Análise C Damasceno - Estudo
Light (LIGT3) — Saída da Recuperação Judicial
Estudo de acompanhamento pós-RJ (Tipo 3) — antes e depois, evolução do negócio e plano de ação
Evento: aumento de capital R$ 1,5 bi + pedido de encerramento da RJ — 16/07/2026 | RJ desde: 05/2023 (dívida ~R$ 11 bi) | Setor: distribuição de energia elétrica
1. Sumário executivo
Tipo de estudo: acompanhamento pós-RJ (Tipo 3). Em 16/07/2026 a Light homologou um aumento de capital de R$ 1,5 bilhão (238,5 mi de novas ações a R$ 6,29) e protocolou, na 3ª Vara Empresarial do RJ, o pedido de encerramento da recuperação judicial, em curso desde maio de 2023. Com a conversão adicional de R$ 2,2 bi de debêntures, a capitalização total chega a ~R$ 3,7 bi.

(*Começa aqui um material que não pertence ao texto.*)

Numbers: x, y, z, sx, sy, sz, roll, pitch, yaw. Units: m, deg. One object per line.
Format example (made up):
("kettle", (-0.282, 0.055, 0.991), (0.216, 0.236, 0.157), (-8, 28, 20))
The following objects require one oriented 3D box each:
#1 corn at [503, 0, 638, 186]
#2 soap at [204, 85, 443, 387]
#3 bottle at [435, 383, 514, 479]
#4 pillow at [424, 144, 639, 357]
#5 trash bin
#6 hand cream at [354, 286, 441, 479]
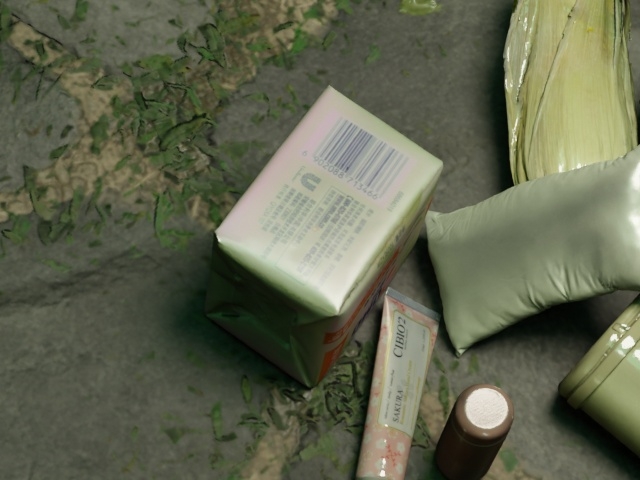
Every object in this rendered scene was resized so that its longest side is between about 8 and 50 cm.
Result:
("corn", (0.249, -0.153, 1.641), (0.123, 0.122, 0.305), (-7, 65, 16))
("soap", (0.000, 0.000, 1.509), (0.138, 0.182, 0.199), (32, 65, 8))
("bottle", (0.135, 0.172, 1.461), (0.053, 0.140, 0.053), (2, 65, -4))
("pillow", (0.213, 0.010, 1.511), (0.254, 0.078, 0.144), (-18, 74, 32))
("trash bin", (0.383, 0.133, 1.522), (0.247, 0.121, 0.243), (42, 67, 11))
("hand cream", (0.069, 0.148, 1.521), (0.067, 0.043, 0.209), (27, 60, -26))

O foco deste estudo é a evolução antes × depois da RJ. A reestruturação resolveu a dimensão financeira (dívida de ~R$ 11 bi para ~R$ 6 bi; concessão renovada até 2056; controle definido) — mas o desafio operacional estrutural permanece: as perdas de energia (~30% da carga, o dobro da média do setor). A empresa "saiu da UTI", mas ainda precisa provar que gera lucro sustentável.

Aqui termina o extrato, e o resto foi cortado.